In the catalytic clusters of all the mentioned candidates, ADFR is able to position the PLP cofactor in a binding mode similar to that observed in the available experimental structures of homologous enzymes in complex with PLP (Supplementary Fig. 8). In all four SHMTs and in Tha1, the lowest-energy conformations of HTML-PLP in the catalytic cluster have the Cα-Cβ bond more perpendicular than in the other enzymes (Fig. 4b, Supplementary Fig. 9). By contrast, in the case of both SGPL1 and Sgpl1 (Supplementary Fig. 9), and all KYATs (Fig. 4b, Supplementary Fig. 9), the Cα-COOH (χ3 < χ1 > χ2) and Cα-Hα (χ1 < χ3 > χ2) bond, respectively, are the most perpendicular and therefore in an unfavorable conformation for aldol cleavage.

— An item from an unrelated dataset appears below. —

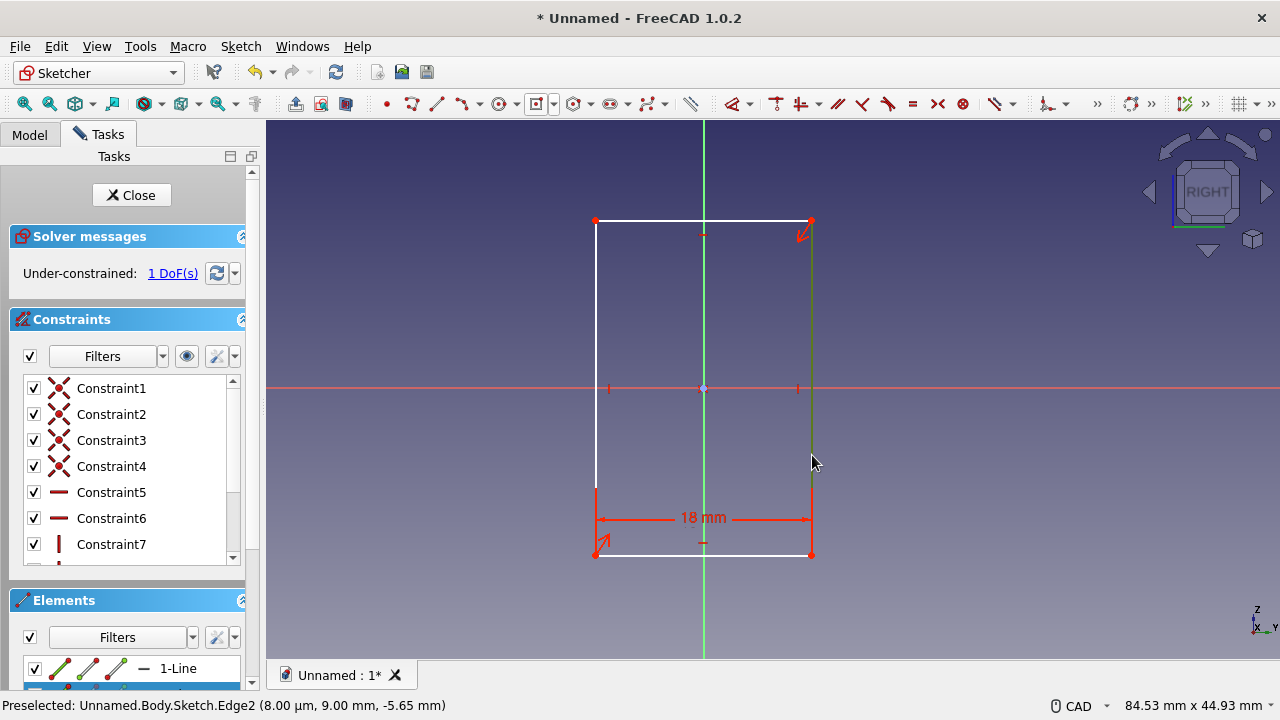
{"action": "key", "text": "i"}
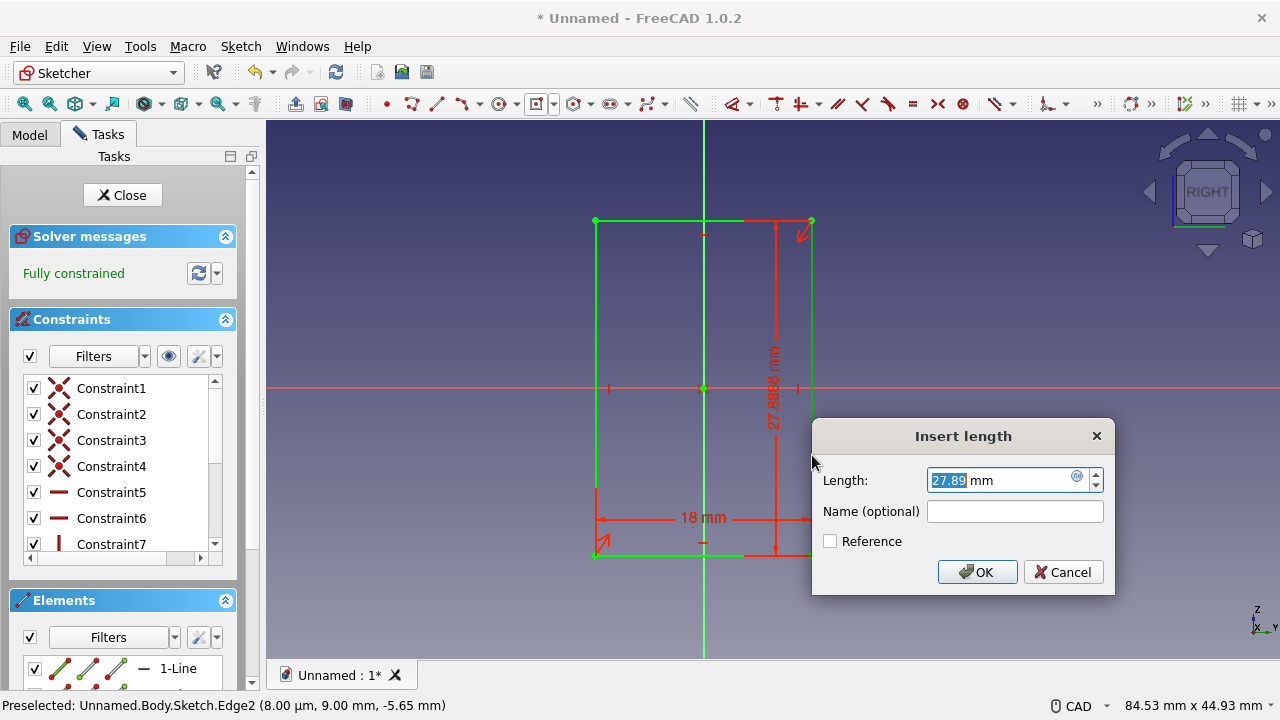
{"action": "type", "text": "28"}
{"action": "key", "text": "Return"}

In all four KYATs and Tha1, visual inspection of the docked complexes revealed the presence of an aromatic cage (Fig. 4b, Supplementary Fig. 9), characteristic of proteins that bind N-trimethylated substrates, establishing hydrophobic and cation-π interactions with the trimethyl ammonium group49. The constant presence of a quaternary amine group in the intermediates of carnitine biosynthesis (Fig. 3a), suggests that an aromatic cage could be a structural feature of all enzymes of the pathway, as evidenced by the BBD structure in complex with γ-butyrobetaine50, the conservation of the corresponding residues in its homolog TMLD, and the binding mode predicted by docking of the substrate in the TMABADH active site (Supplementary Fig. 10).

Biochemical validation of HTML-OSMES candidates

For the above reasons, screening candidates KYAT1, SGPL1, SHMT1 and SHMT2 from Homo sapiens, and Kyat3 and Tha1 from Mus musculus were chosen for the experimental validation. In addition, we considered screening candidates without previous evidence of aldolase or beta-lyase activity: human ABAT as an example of high-ranking hit, mouse Thnls2 and Oat as mid-ranking hits, and human PSAT1 as a low-ranking hit.

Each protein was produced using optimized conditions in recombinant form to be assayed for HTMLA activity. We obtained soluble expression for all the proteins with the exception of ABAT. Recombinant SHMT1, SHMT2, KYAT1, PSAT1, Kyat3, Thnsl2, Oat were obtained in pure and soluble form after overexpression in E. coli (Supplementary Fig. 11a–d; insets). In order to obtain recombinant SGPL1 and Tha1 in the soluble form (Supplementary Fig. 11e,f; insets), they were co-expressed with chaperones (GroEL/GroES) as truncated forms without the N-terminal membrane anchor and mitochondrial signal (Supplementary Fig. 12; see Methods). All the enzymes showed the typical spectrum of protein-bound pyridoxal phosphate in the ketoenamine tautomer, with a peak around 400–430 nm (Supplementary Fig. 11).

Stereospecific (2S,3S) HTML for the activity assays was obtained enzymatically from chemically-synthesized TML (see Methods) by exploiting the first reaction of the pathway (Supplementary Fig. 13). The activity assays show that SHMT1, SHMT2 and Tha1 catalyze the aldol cleavage of HTML; on the contrary, KYAT1, Kyat3, PSAT1, Thnsl2, Oat and SGPL1 are catalytically inactive towards HTML (Fig. 5).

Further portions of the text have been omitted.